▶ PROBLEM STATEMENT: Please set down each entry exactly, omitting any picture it holds.

▶ Data records:

--------------------------------

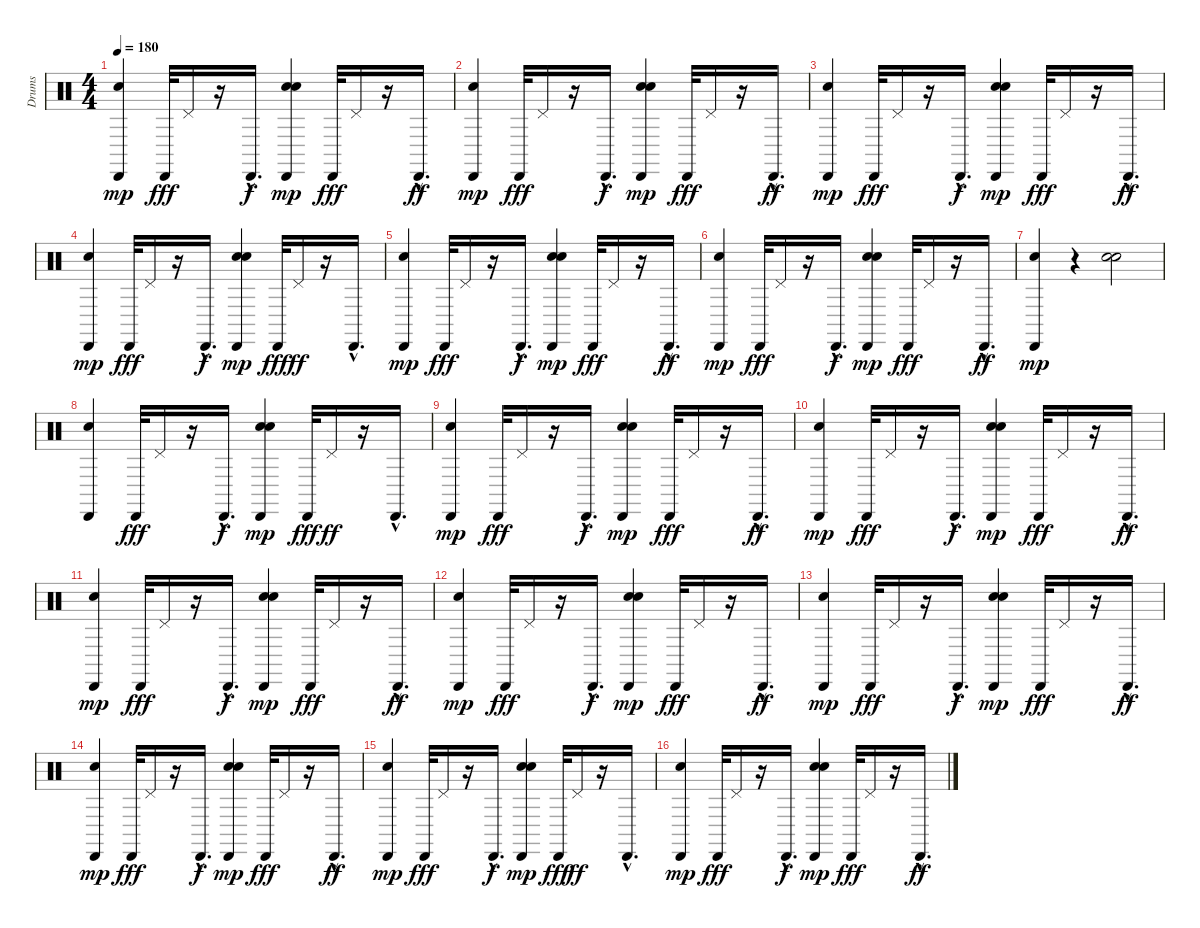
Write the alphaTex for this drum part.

\track ("Drums" "Drums") {instrument percussion}
\staff {score}
\articulation defaults
\ts (4 4)
\tempo 180
\clef neutral
\ks c
("Snare (hit) 2" "Cabasa (hit)").4{dy mp} "Cabasa (hit)".32{dy fff} "Pedal Hi-Hat (hit)".16 r.16 "Cabasa (hit)"{hac}.16{d dy f} ("Snare (hit) 2" "Snare (hit) 2" "Cabasa (hit)").4{dy mp} "Cabasa (hit)".32{dy fff} "Pedal Hi-Hat (hit)".16 r.16 "Cabasa (hit)"{hac}.16{d dy ff} |
("Snare (hit) 2" "Cabasa (hit)").4{dy mp} "Cabasa (hit)".32{dy fff} "Pedal Hi-Hat (hit)".16 r.16 "Cabasa (hit)"{hac}.16{d dy f} ("Snare (hit) 2" "Snare (hit) 2" "Cabasa (hit)").4{dy mp} "Cabasa (hit)".32{dy fff} "Pedal Hi-Hat (hit)".16 r.16 "Cabasa (hit)"{hac}.16{d dy ff} |
("Snare (hit) 2" "Cabasa (hit)").4{dy mp} "Cabasa (hit)".32{dy fff} "Pedal Hi-Hat (hit)".16 r.16 "Cabasa (hit)"{hac}.16{d dy f} ("Snare (hit) 2" "Snare (hit) 2" "Cabasa (hit)").4{dy mp} "Cabasa (hit)".32{dy fff} "Pedal Hi-Hat (hit)".16 r.16 "Cabasa (hit)"{hac}.16{d dy ff} |
("Snare (hit) 2" "Cabasa (hit)").4{dy mp} "Cabasa (hit)".32{dy fff} "Pedal Hi-Hat (hit)".16 r.16 "Cabasa (hit)"{hac}.16{d dy f} ("Snare (hit) 2" "Snare (hit) 2" "Cabasa (hit)").4{dy mp} "Cabasa (hit)".32{dy fff} "Pedal Hi-Hat (hit)".16{dy ff} r.16 "Cabasa (hit)"{hac}.16{d} |
("Snare (hit) 2" "Cabasa (hit)").4{dy mp} "Cabasa (hit)".32{dy fff} "Pedal Hi-Hat (hit)".16 r.16 "Cabasa (hit)"{hac}.16{d dy f} ("Snare (hit) 2" "Snare (hit) 2" "Cabasa (hit)").4{dy mp} "Cabasa (hit)".32{dy fff} "Pedal Hi-Hat (hit)".16 r.16 "Cabasa (hit)"{hac}.16{d dy ff} |
("Snare (hit) 2" "Cabasa (hit)").4{dy mp} "Cabasa (hit)".32{dy fff} "Pedal Hi-Hat (hit)".16 r.16 "Cabasa (hit)"{hac}.16{d dy f} ("Snare (hit) 2" "Snare (hit) 2" "Cabasa (hit)").4{dy mp} "Cabasa (hit)".32{dy fff} "Pedal Hi-Hat (hit)".16 r.16 "Cabasa (hit)"{hac}.16{d dy ff} |
("Snare (hit) 2" "Cabasa (hit)").4{dy mp} r.4 ("Snare (hit) 2" "Snare (hit) 2").2 |
("Snare (hit) 2" "Cabasa (hit)").4 "Cabasa (hit)".32{dy fff} "Pedal Hi-Hat (hit)".16 r.16 "Cabasa (hit)"{hac}.16{d dy f} ("Snare (hit) 2" "Snare (hit) 2" "Cabasa (hit)").4{dy mp} "Cabasa (hit)".32{dy fff} "Pedal Hi-Hat (hit)".16{dy ff} r.16 "Cabasa (hit)"{hac}.16{d} |
("Snare (hit) 2" "Cabasa (hit)").4{dy mp} "Cabasa (hit)".32{dy fff} "Pedal Hi-Hat (hit)".16 r.16 "Cabasa (hit)"{hac}.16{d dy f} ("Snare (hit) 2" "Snare (hit) 2" "Cabasa (hit)").4{dy mp} "Cabasa (hit)".32{dy fff} "Pedal Hi-Hat (hit)".16 r.16 "Cabasa (hit)"{hac}.16{d dy ff} |
("Snare (hit) 2" "Cabasa (hit)").4{dy mp} "Cabasa (hit)".32{dy fff} "Pedal Hi-Hat (hit)".16 r.16 "Cabasa (hit)"{hac}.16{d dy f} ("Snare (hit) 2" "Snare (hit) 2" "Cabasa (hit)").4{dy mp} "Cabasa (hit)".32{dy fff} "Pedal Hi-Hat (hit)".16 r.16 "Cabasa (hit)"{hac}.16{d dy ff} |
("Snare (hit) 2" "Cabasa (hit)").4{dy mp} "Cabasa (hit)".32{dy fff} "Pedal Hi-Hat (hit)".16 r.16 "Cabasa (hit)"{hac}.16{d dy f} ("Snare (hit) 2" "Snare (hit) 2" "Cabasa (hit)").4{dy mp} "Cabasa (hit)".32{dy fff} "Pedal Hi-Hat (hit)".16 r.16 "Cabasa (hit)"{hac}.16{d dy ff} |
("Snare (hit) 2" "Cabasa (hit)").4{dy mp} "Cabasa (hit)".32{dy fff} "Pedal Hi-Hat (hit)".16 r.16 "Cabasa (hit)"{hac}.16{d dy f} ("Snare (hit) 2" "Snare (hit) 2" "Cabasa (hit)").4{dy mp} "Cabasa (hit)".32{dy fff} "Pedal Hi-Hat (hit)".16 r.16 "Cabasa (hit)"{hac}.16{d dy ff} |
("Snare (hit) 2" "Cabasa (hit)").4{dy mp} "Cabasa (hit)".32{dy fff} "Pedal Hi-Hat (hit)".16 r.16 "Cabasa (hit)"{hac}.16{d dy f} ("Snare (hit) 2" "Snare (hit) 2" "Cabasa (hit)").4{dy mp} "Cabasa (hit)".32{dy fff} "Pedal Hi-Hat (hit)".16 r.16 "Cabasa (hit)"{hac}.16{d dy ff} |
("Snare (hit) 2" "Cabasa (hit)").4{dy mp} "Cabasa (hit)".32{dy fff} "Pedal Hi-Hat (hit)".16 r.16 "Cabasa (hit)"{hac}.16{d dy f} ("Snare (hit) 2" "Snare (hit) 2" "Cabasa (hit)").4{dy mp} "Cabasa (hit)".32{dy fff} "Pedal Hi-Hat (hit)".16 r.16 "Cabasa (hit)"{hac}.16{d dy ff} |
("Snare (hit) 2" "Cabasa (hit)").4{dy mp} "Cabasa (hit)".32{dy fff} "Pedal Hi-Hat (hit)".16 r.16 "Cabasa (hit)"{hac}.16{d dy f} ("Snare (hit) 2" "Snare (hit) 2" "Cabasa (hit)").4{dy mp} "Cabasa (hit)".32{dy fff} "Pedal Hi-Hat (hit)".16{dy ff} r.16 "Cabasa (hit)"{hac}.16{d} |
("Snare (hit) 2" "Cabasa (hit)").4{dy mp} "Cabasa (hit)".32{dy fff} "Pedal Hi-Hat (hit)".16 r.16 "Cabasa (hit)"{hac}.16{d dy f} ("Snare (hit) 2" "Snare (hit) 2" "Cabasa (hit)").4{dy mp} "Cabasa (hit)".32{dy fff} "Pedal Hi-Hat (hit)".16 r.16 "Cabasa (hit)"{hac}.16{d dy ff}

--------------------------------

▶ RESPONSE:
Write the alphaTex for this drum part.

\track ("Drums" "Drums") {instrument percussion}
\staff {score}
\articulation defaults
\ts (4 4)
\tempo 180
\clef neutral
\ks c
("Snare (hit) 2" "Cabasa (hit)").4{dy mp} "Cabasa (hit)".32{dy fff} "Pedal Hi-Hat (hit)".16 r.16 "Cabasa (hit)"{hac}.16{d dy f} ("Snare (hit) 2" "Snare (hit) 2" "Cabasa (hit)").4{dy mp} "Cabasa (hit)".32{dy fff} "Pedal Hi-Hat (hit)".16 r.16 "Cabasa (hit)"{hac}.16{d dy ff} |
("Snare (hit) 2" "Cabasa (hit)").4{dy mp} "Cabasa (hit)".32{dy fff} "Pedal Hi-Hat (hit)".16 r.16 "Cabasa (hit)"{hac}.16{d dy f} ("Snare (hit) 2" "Snare (hit) 2" "Cabasa (hit)").4{dy mp} "Cabasa (hit)".32{dy fff} "Pedal Hi-Hat (hit)".16 r.16 "Cabasa (hit)"{hac}.16{d dy ff} |
("Snare (hit) 2" "Cabasa (hit)").4{dy mp} "Cabasa (hit)".32{dy fff} "Pedal Hi-Hat (hit)".16 r.16 "Cabasa (hit)"{hac}.16{d dy f} ("Snare (hit) 2" "Snare (hit) 2" "Cabasa (hit)").4{dy mp} "Cabasa (hit)".32{dy fff} "Pedal Hi-Hat (hit)".16 r.16 "Cabasa (hit)"{hac}.16{d dy ff} |
("Snare (hit) 2" "Cabasa (hit)").4{dy mp} "Cabasa (hit)".32{dy fff} "Pedal Hi-Hat (hit)".16 r.16 "Cabasa (hit)"{hac}.16{d dy f} ("Snare (hit) 2" "Snare (hit) 2" "Cabasa (hit)").4{dy mp} "Cabasa (hit)".32{dy fff} "Pedal Hi-Hat (hit)".16{dy ff} r.16 "Cabasa (hit)"{hac}.16{d} |
("Snare (hit) 2" "Cabasa (hit)").4{dy mp} "Cabasa (hit)".32{dy fff} "Pedal Hi-Hat (hit)".16 r.16 "Cabasa (hit)"{hac}.16{d dy f} ("Snare (hit) 2" "Snare (hit) 2" "Cabasa (hit)").4{dy mp} "Cabasa (hit)".32{dy fff} "Pedal Hi-Hat (hit)".16 r.16 "Cabasa (hit)"{hac}.16{d dy ff} |
("Snare (hit) 2" "Cabasa (hit)").4{dy mp} "Cabasa (hit)".32{dy fff} "Pedal Hi-Hat (hit)".16 r.16 "Cabasa (hit)"{hac}.16{d dy f} ("Snare (hit) 2" "Snare (hit) 2" "Cabasa (hit)").4{dy mp} "Cabasa (hit)".32{dy fff} "Pedal Hi-Hat (hit)".16 r.16 "Cabasa (hit)"{hac}.16{d dy ff} |
("Snare (hit) 2" "Cabasa (hit)").4{dy mp} r.4 ("Snare (hit) 2" "Snare (hit) 2").2 |
("Snare (hit) 2" "Cabasa (hit)").4 "Cabasa (hit)".32{dy fff} "Pedal Hi-Hat (hit)".16 r.16 "Cabasa (hit)"{hac}.16{d dy f} ("Snare (hit) 2" "Snare (hit) 2" "Cabasa (hit)").4{dy mp} "Cabasa (hit)".32{dy fff} "Pedal Hi-Hat (hit)".16{dy ff} r.16 "Cabasa (hit)"{hac}.16{d} |
("Snare (hit) 2" "Cabasa (hit)").4{dy mp} "Cabasa (hit)".32{dy fff} "Pedal Hi-Hat (hit)".16 r.16 "Cabasa (hit)"{hac}.16{d dy f} ("Snare (hit) 2" "Snare (hit) 2" "Cabasa (hit)").4{dy mp} "Cabasa (hit)".32{dy fff} "Pedal Hi-Hat (hit)".16 r.16 "Cabasa (hit)"{hac}.16{d dy ff} |
("Snare (hit) 2" "Cabasa (hit)").4{dy mp} "Cabasa (hit)".32{dy fff} "Pedal Hi-Hat (hit)".16 r.16 "Cabasa (hit)"{hac}.16{d dy f} ("Snare (hit) 2" "Snare (hit) 2" "Cabasa (hit)").4{dy mp} "Cabasa (hit)".32{dy fff} "Pedal Hi-Hat (hit)".16 r.16 "Cabasa (hit)"{hac}.16{d dy ff} |
("Snare (hit) 2" "Cabasa (hit)").4{dy mp} "Cabasa (hit)".32{dy fff} "Pedal Hi-Hat (hit)".16 r.16 "Cabasa (hit)"{hac}.16{d dy f} ("Snare (hit) 2" "Snare (hit) 2" "Cabasa (hit)").4{dy mp} "Cabasa (hit)".32{dy fff} "Pedal Hi-Hat (hit)".16 r.16 "Cabasa (hit)"{hac}.16{d dy ff} |
("Snare (hit) 2" "Cabasa (hit)").4{dy mp} "Cabasa (hit)".32{dy fff} "Pedal Hi-Hat (hit)".16 r.16 "Cabasa (hit)"{hac}.16{d dy f} ("Snare (hit) 2" "Snare (hit) 2" "Cabasa (hit)").4{dy mp} "Cabasa (hit)".32{dy fff} "Pedal Hi-Hat (hit)".16 r.16 "Cabasa (hit)"{hac}.16{d dy ff} |
("Snare (hit) 2" "Cabasa (hit)").4{dy mp} "Cabasa (hit)".32{dy fff} "Pedal Hi-Hat (hit)".16 r.16 "Cabasa (hit)"{hac}.16{d dy f} ("Snare (hit) 2" "Snare (hit) 2" "Cabasa (hit)").4{dy mp} "Cabasa (hit)".32{dy fff} "Pedal Hi-Hat (hit)".16 r.16 "Cabasa (hit)"{hac}.16{d dy ff} |
("Snare (hit) 2" "Cabasa (hit)").4{dy mp} "Cabasa (hit)".32{dy fff} "Pedal Hi-Hat (hit)".16 r.16 "Cabasa (hit)"{hac}.16{d dy f} ("Snare (hit) 2" "Snare (hit) 2" "Cabasa (hit)").4{dy mp} "Cabasa (hit)".32{dy fff} "Pedal Hi-Hat (hit)".16 r.16 "Cabasa (hit)"{hac}.16{d dy ff} |
("Snare (hit) 2" "Cabasa (hit)").4{dy mp} "Cabasa (hit)".32{dy fff} "Pedal Hi-Hat (hit)".16 r.16 "Cabasa (hit)"{hac}.16{d dy f} ("Snare (hit) 2" "Snare (hit) 2" "Cabasa (hit)").4{dy mp} "Cabasa (hit)".32{dy fff} "Pedal Hi-Hat (hit)".16{dy ff} r.16 "Cabasa (hit)"{hac}.16{d} |
("Snare (hit) 2" "Cabasa (hit)").4{dy mp} "Cabasa (hit)".32{dy fff} "Pedal Hi-Hat (hit)".16 r.16 "Cabasa (hit)"{hac}.16{d dy f} ("Snare (hit) 2" "Snare (hit) 2" "Cabasa (hit)").4{dy mp} "Cabasa (hit)".32{dy fff} "Pedal Hi-Hat (hit)".16 r.16 "Cabasa (hit)"{hac}.16{d dy ff}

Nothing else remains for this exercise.